Create a json file and populate it with company_codes and company_names (see '../scraper/Industry/Financials' for example). Run the start_multiple_scrapes() instead of start_one_scrape(). You can also adopt the same approach to use multiple chrome sessions to scrape multiple companies in each session. Each instance of main.py will use a different company_list and facebook accounts.
- Note that you may need to solve the captchas that appear on each login. Fresh glassdoor accounts less prone to Captcha verification on login.
- Modify the FILE_PATH variable in main.
View README.md file in hadoop_analysis folder to see how data sets can be analyzed.
Copy the entire folder in eclipse in the VM. Before you export, ensure that the input and output folders are correct. Chanage the path according to your own needs. Otherwise, leave it as it is and export as a .Jar file. Once the jar file has been compiled. Scp the jar file to the big hadoop cluster.

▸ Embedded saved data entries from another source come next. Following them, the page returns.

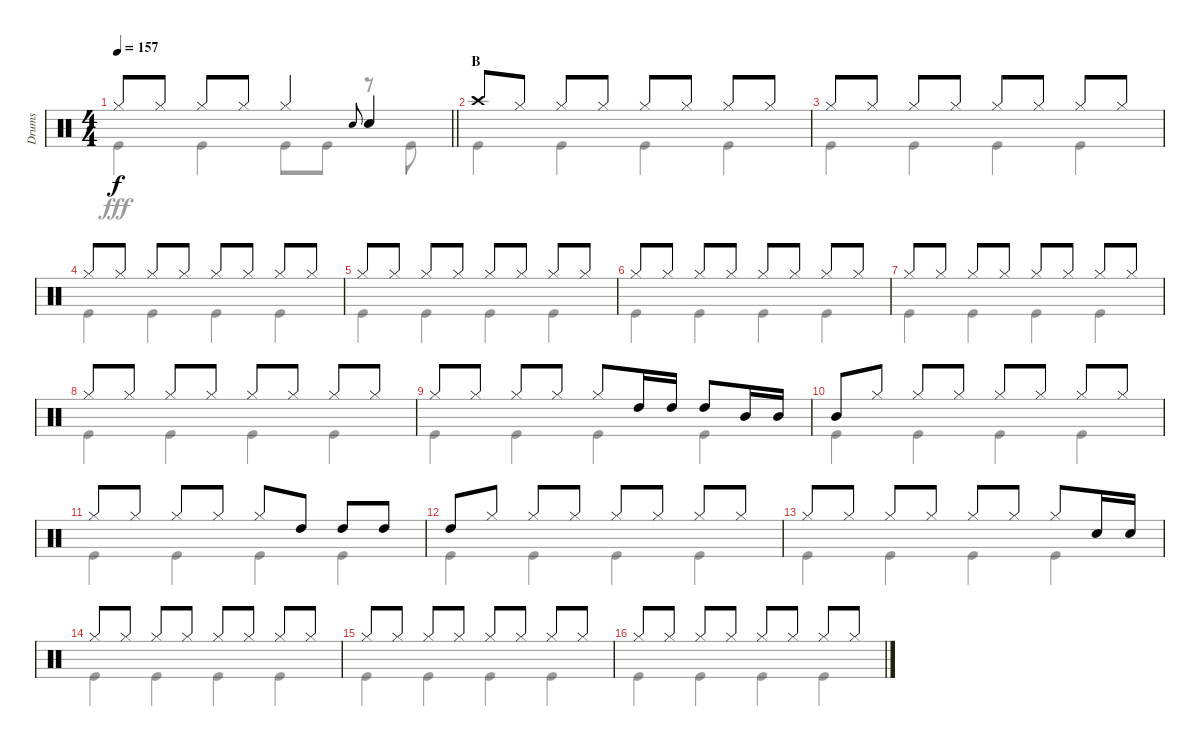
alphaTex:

\track ("Drums" "Drums") {instrument percussion}
\staff {score}
\articulation defaults
\voice
\ts (4 4)
\tempo 157
\clef neutral
\barLineRight lightlight
\ks c "Hi-Hat (closed)".8{dy f} "Hi-Hat (closed)".8 "Hi-Hat (closed)".8 "Hi-Hat (closed)".8 "Hi-Hat (closed)".4 "Snare (hit) 2".8{gr onbeat} "Snare (hit) 2".4
|
\section ("" "B")
"Crash high (hit)".8 "Hi-Hat (closed)".8 "Hi-Hat (closed)".8 "Hi-Hat (closed)".8 "Hi-Hat (closed)".8 "Hi-Hat (closed)".8 "Hi-Hat (closed)".8 "Hi-Hat (closed)".8 |
"Hi-Hat (closed)".8 "Hi-Hat (closed)".8 "Hi-Hat (closed)".8 "Hi-Hat (closed)".8 "Hi-Hat (closed)".8 "Hi-Hat (closed)".8 "Hi-Hat (closed)".8 "Hi-Hat (closed)".8 |
"Hi-Hat (closed)".8 "Hi-Hat (closed)".8 "Hi-Hat (closed)".8 "Hi-Hat (closed)".8 "Hi-Hat (closed)".8 "Hi-Hat (closed)".8 "Hi-Hat (closed)".8 "Hi-Hat (closed)".8 |
"Hi-Hat (closed)".8 "Hi-Hat (closed)".8 "Hi-Hat (closed)".8 "Hi-Hat (closed)".8 "Hi-Hat (closed)".8 "Hi-Hat (closed)".8 "Hi-Hat (closed)".8 "Hi-Hat (closed)".8 |
"Hi-Hat (closed)".8 "Hi-Hat (closed)".8 "Hi-Hat (closed)".8 "Hi-Hat (closed)".8 "Hi-Hat (closed)".8 "Hi-Hat (closed)".8 "Hi-Hat (closed)".8 "Hi-Hat (closed)".8 |
"Hi-Hat (closed)".8 "Hi-Hat (closed)".8 "Hi-Hat (closed)".8 "Hi-Hat (closed)".8 "Hi-Hat (closed)".8 "Hi-Hat (closed)".8 "Hi-Hat (closed)".8 "Hi-Hat (closed)".8 |
"Hi-Hat (closed)".8 "Hi-Hat (closed)".8 "Hi-Hat (closed)".8 "Hi-Hat (closed)".8 "Hi-Hat (closed)".8 "Hi-Hat (closed)".8 "Hi-Hat (closed)".8 "Hi-Hat (closed)".8 |
"Hi-Hat (closed)".8 "Hi-Hat (closed)".8 "Hi-Hat (closed)".8 "Hi-Hat (closed)".8 "Hi-Hat (closed)".8 "High Tom (hit)".16 "High Tom (hit)".16 "High Tom (hit)".8 "Mid Tom (hit)".16 "Mid Tom (hit)".16 |
"Mid Tom (hit)".8 "Hi-Hat (closed)".8 "Hi-Hat (closed)".8 "Hi-Hat (closed)".8 "Hi-Hat (closed)".8 "Hi-Hat (closed)".8 "Hi-Hat (closed)".8 "Hi-Hat (closed)".8 |
"Hi-Hat (closed)".8 "Hi-Hat (closed)".8 "Hi-Hat (closed)".8 "Hi-Hat (closed)".8 "Hi-Hat (closed)".8 "High Tom (hit)".8 "High Tom (hit)".8 "High Tom (hit)".8 |
"High Tom (hit)".8 "Hi-Hat (closed)".8 "Hi-Hat (closed)".8 "Hi-Hat (closed)".8 "Hi-Hat (closed)".8 "Hi-Hat (closed)".8 "Hi-Hat (closed)".8 "Hi-Hat (closed)".8 |
"Hi-Hat (closed)".8 "Hi-Hat (closed)".8 "Hi-Hat (closed)".8 "Hi-Hat (closed)".8 "Hi-Hat (closed)".8 "Hi-Hat (closed)".8 "Hi-Hat (closed)".8 "Snare (hit) 2".16 "Snare (hit) 2".16 |
"Hi-Hat (closed)".8 "Hi-Hat (closed)".8 "Hi-Hat (closed)".8 "Hi-Hat (closed)".8 "Hi-Hat (closed)".8 "Hi-Hat (closed)".8 "Hi-Hat (closed)".8 "Hi-Hat (closed)".8 |
"Hi-Hat (closed)".8 "Hi-Hat (closed)".8 "Hi-Hat (closed)".8 "Hi-Hat (closed)".8 "Hi-Hat (closed)".8 "Hi-Hat (closed)".8 "Hi-Hat (closed)".8 "Hi-Hat (closed)".8 |
"Hi-Hat (closed)".8 "Hi-Hat (closed)".8 "Hi-Hat (closed)".8 "Hi-Hat (closed)".8 "Hi-Hat (closed)".8 "Hi-Hat (closed)".8 "Hi-Hat (closed)".8 "Hi-Hat (closed)".8
\voice
\clef neutral
\ottava regular
\simile none
\barLineRight lightlight
\ks c "Kick (hit)".4{dy fff} "Kick (hit)".4 "Kick (hit)".8 "Kick (hit)".8
r.8 "Kick (hit)".8 |
"Kick (hit)".4 "Kick (hit)".4 "Kick (hit)".4 "Kick (hit)".4 |
"Kick (hit)".4 "Kick (hit)".4 "Kick (hit)".4 "Kick (hit)".4 |
"Kick (hit)".4 "Kick (hit)".4 "Kick (hit)".4 "Kick (hit)".4 |
"Kick (hit)".4 "Kick (hit)".4 "Kick (hit)".4 "Kick (hit)".4 |
"Kick (hit)".4 "Kick (hit)".4 "Kick (hit)".4 "Kick (hit)".4 |
"Kick (hit)".4 "Kick (hit)".4 "Kick (hit)".4 "Kick (hit)".4 |
"Kick (hit)".4 "Kick (hit)".4 "Kick (hit)".4 "Kick (hit)".4 |
"Kick (hit)".4 "Kick (hit)".4 "Kick (hit)".4 "Kick (hit)".4 |
"Kick (hit)".4 "Kick (hit)".4 "Kick (hit)".4 "Kick (hit)".4 |
"Kick (hit)".4 "Kick (hit)".4 "Kick (hit)".4 "Kick (hit)".4 |
"Kick (hit)".4 "Kick (hit)".4 "Kick (hit)".4 "Kick (hit)".4 |
"Kick (hit)".4 "Kick (hit)".4 "Kick (hit)".4 "Kick (hit)".4 |
"Kick (hit)".4 "Kick (hit)".4 "Kick (hit)".4 "Kick (hit)".4 |
"Kick (hit)".4 "Kick (hit)".4 "Kick (hit)".4 "Kick (hit)".4 |
"Kick (hit)".4 "Kick (hit)".4 "Kick (hit)".4 "Kick (hit)".4

- Command: scp -r <user@IPaddress:/home/user/>
There are 3 .jar files inside the JAR folder. To use them, use the command specified above to send them to the big hadoop cluster
Ensure that the company that you want to analyze is in a folder called "Materials". Note that the analysis can only be done 1 company at a time so ensure there is only 1 company folder inside the "Materials" folder. Here is the command to scp your codes from your main machine to the big hadoop cluster.

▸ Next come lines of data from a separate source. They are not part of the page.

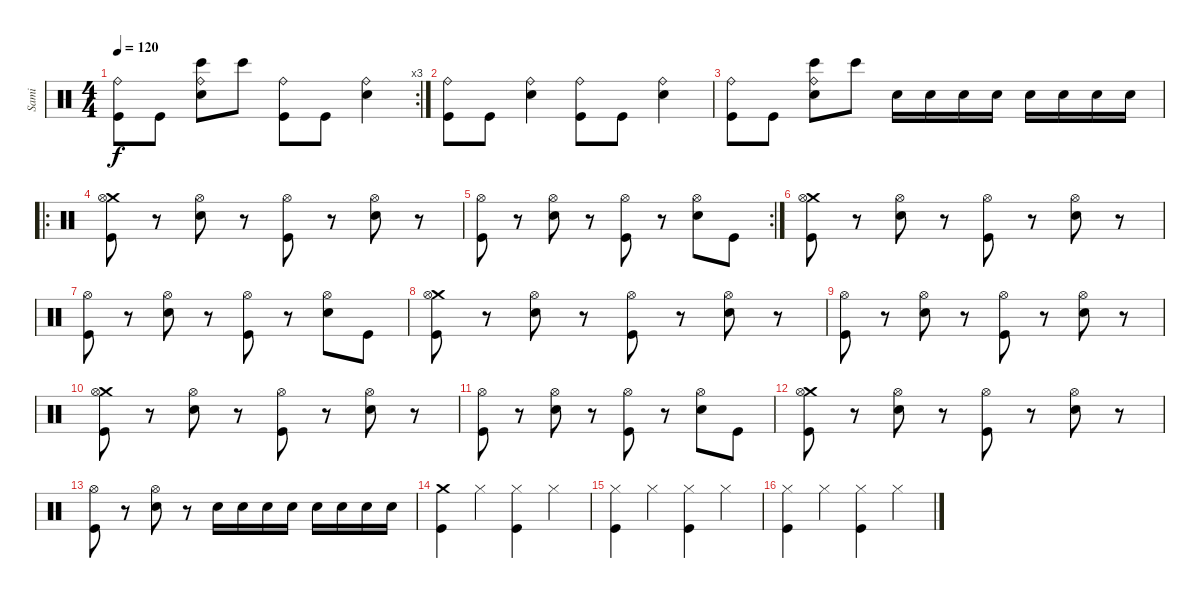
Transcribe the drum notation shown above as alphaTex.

\track ("Sami" "Sami") {instrument percussion}
\staff {score}
\articulation defaults
\rc 3
\ts (4 4)
\tempo 120
\clef neutral
\ks c
("Ride (bell)" "Kick (hit)").8{dy f} "Kick (hit)".8 ("Ride (bell)" "Bongo High (hit)" "Electric Snare (hit)").8 "Bongo High (hit)".8 ("Ride (bell)" "Kick (hit)").8 "Kick (hit)".8 ("Ride (bell)" "Electric Snare (hit)").4 |
("Ride (bell)" "Kick (hit)").8 "Kick (hit)".8 ("Ride (bell)" "Electric Snare (hit)").4 ("Ride (bell)" "Kick (hit)").8 "Kick (hit)".8 ("Ride (bell)" "Electric Snare (hit)").4 |
("Ride (bell)" "Kick (hit)").8 "Kick (hit)".8 ("Ride (bell)" "Bongo High (hit)" "Electric Snare (hit)").8 "Bongo High (hit)".8 "Electric Snare (hit)".16 "Electric Snare (hit)".16 "Electric Snare (hit)".16 "Electric Snare (hit)".16 "Electric Snare (hit)".16 "Electric Snare (hit)".16 "Electric Snare (hit)".16 "Electric Snare (hit)".16 |
\ro
("Crash medium (hit)" "Hi-Hat (open)" "Kick (hit)").8 r.8 ("Electric Snare (hit)" "Hi-Hat (open)").8 r.8 ("Kick (hit)" "Hi-Hat (open)").8 r.8 ("Electric Snare (hit)" "Hi-Hat (open)").8 r.8 |
\rc 2
("Hi-Hat (open)" "Kick (hit)").8 r.8 ("Electric Snare (hit)" "Hi-Hat (open)").8 r.8 ("Kick (hit)" "Hi-Hat (open)").8 r.8 ("Electric Snare (hit)" "Hi-Hat (open)").8 "Kick (hit)".8 |
("Crash medium (hit)" "Hi-Hat (open)" "Kick (hit)").8 r.8 ("Electric Snare (hit)" "Hi-Hat (open)").8 r.8 ("Kick (hit)" "Hi-Hat (open)").8 r.8 ("Electric Snare (hit)" "Hi-Hat (open)").8 r.8 |
("Hi-Hat (open)" "Kick (hit)").8 r.8 ("Electric Snare (hit)" "Hi-Hat (open)").8 r.8 ("Kick (hit)" "Hi-Hat (open)").8 r.8 ("Electric Snare (hit)" "Hi-Hat (open)").8 "Kick (hit)".8 |
("Crash medium (hit)" "Hi-Hat (open)" "Kick (hit)").8 r.8 ("Electric Snare (hit)" "Hi-Hat (open)").8 r.8 ("Kick (hit)" "Hi-Hat (open)").8 r.8 ("Electric Snare (hit)" "Hi-Hat (open)").8 r.8 |
("Hi-Hat (open)" "Kick (hit)").8 r.8 ("Electric Snare (hit)" "Hi-Hat (open)").8 r.8 ("Kick (hit)" "Hi-Hat (open)").8 r.8 ("Electric Snare (hit)" "Hi-Hat (open)").8 r.8 |
("Crash medium (hit)" "Hi-Hat (open)" "Kick (hit)").8 r.8 ("Electric Snare (hit)" "Hi-Hat (open)").8 r.8 ("Kick (hit)" "Hi-Hat (open)").8 r.8 ("Electric Snare (hit)" "Hi-Hat (open)").8 r.8 |
("Hi-Hat (open)" "Kick (hit)").8 r.8 ("Electric Snare (hit)" "Hi-Hat (open)").8 r.8 ("Kick (hit)" "Hi-Hat (open)").8 r.8 ("Electric Snare (hit)" "Hi-Hat (open)").8 "Kick (hit)".8 |
("Crash medium (hit)" "Hi-Hat (open)" "Kick (hit)").8 r.8 ("Electric Snare (hit)" "Hi-Hat (open)").8 r.8 ("Kick (hit)" "Hi-Hat (open)").8 r.8 ("Electric Snare (hit)" "Hi-Hat (open)").8 r.8 |
("Hi-Hat (open)" "Kick (hit)").8 r.8 ("Electric Snare (hit)" "Hi-Hat (open)").8 r.8 "Electric Snare (hit)".16 "Electric Snare (hit)".16 "Electric Snare (hit)".16 "Electric Snare (hit)".16 "Electric Snare (hit)".16 "Electric Snare (hit)".16 "Electric Snare (hit)".16 "Electric Snare (hit)".16 |
("Crash medium (hit)" "Kick (hit)").4 "Hi-Hat (closed)".4 ("Hi-Hat (closed)" "Kick (hit)").4 "Hi-Hat (closed)".4 |
("Hi-Hat (closed)" "Kick (hit)").4 "Hi-Hat (closed)".4 ("Hi-Hat (closed)" "Kick (hit)").4 "Hi-Hat (closed)".4 |
("Hi-Hat (closed)" "Kick (hit)").4 "Hi-Hat (closed)".4 ("Hi-Hat (closed)" "Kick (hit)").4 "Hi-Hat (closed)".4

- Command: scp -r <user@IPaddress:/home/user/>
Next, Put the folder into the hadoop file system.
- Command: hadoop fs -put Materials /user/username/
Check the codes for the input and output file path. Below are the 3 different sets of directories you will need. To run word count analysis
- hadoop fs -mkdir /user/username/wordcount/
- hadoop fs -mkdir /user/username/wordcount/output
To run rating count analysis
- hadoop fs -mkdir /user/username/ratingcount/
- hadoop fs -mkdir /user/username/ratingcount/output
To run sentiment count analysis
- hadoop fs -mkdir /user/username/sentimentcount/
- hadoop fs -mkdir /user/username/sentimentcount/output
Once all the set up above has been done, use the commands below to run the jar files.
To run Word count .jar
- hadoop jar WordCountAnalysis.jar WordCountAnalysis
To run rating count .jar
- hadoop jar RatingCountAnalysis.jar RatingCountAnalysis
To run sentiment count .jar
- hadoop jar SentimentCountAnalysis.jar SentimentCountAnalysis
Once the Mapreduce process is finished. Write one of the 3 commands to view the output
Word Count output
- command: hadoop fs -cat /user/username/wordcount/output/part-r-00000
Rating Count output
- command: hadoop fs -cat /user/username/ratingcount/output/part-r-00000
Sentiment Count output
- command: hadoop fs -cat /user/username/sentimentcount/output/part-r-00000
Follow all ths steps above to carry out the different processes on a single company file.
- Note: If you want to run MapReduce for other companies, insert the company folder into the Materials folder into the Materials folder and scp the folder into the big hadoop cluster and run the entire process again.
pip install flask , pip install wordcloud
To run the website run visualization.py under 2107Hadoopflask folder.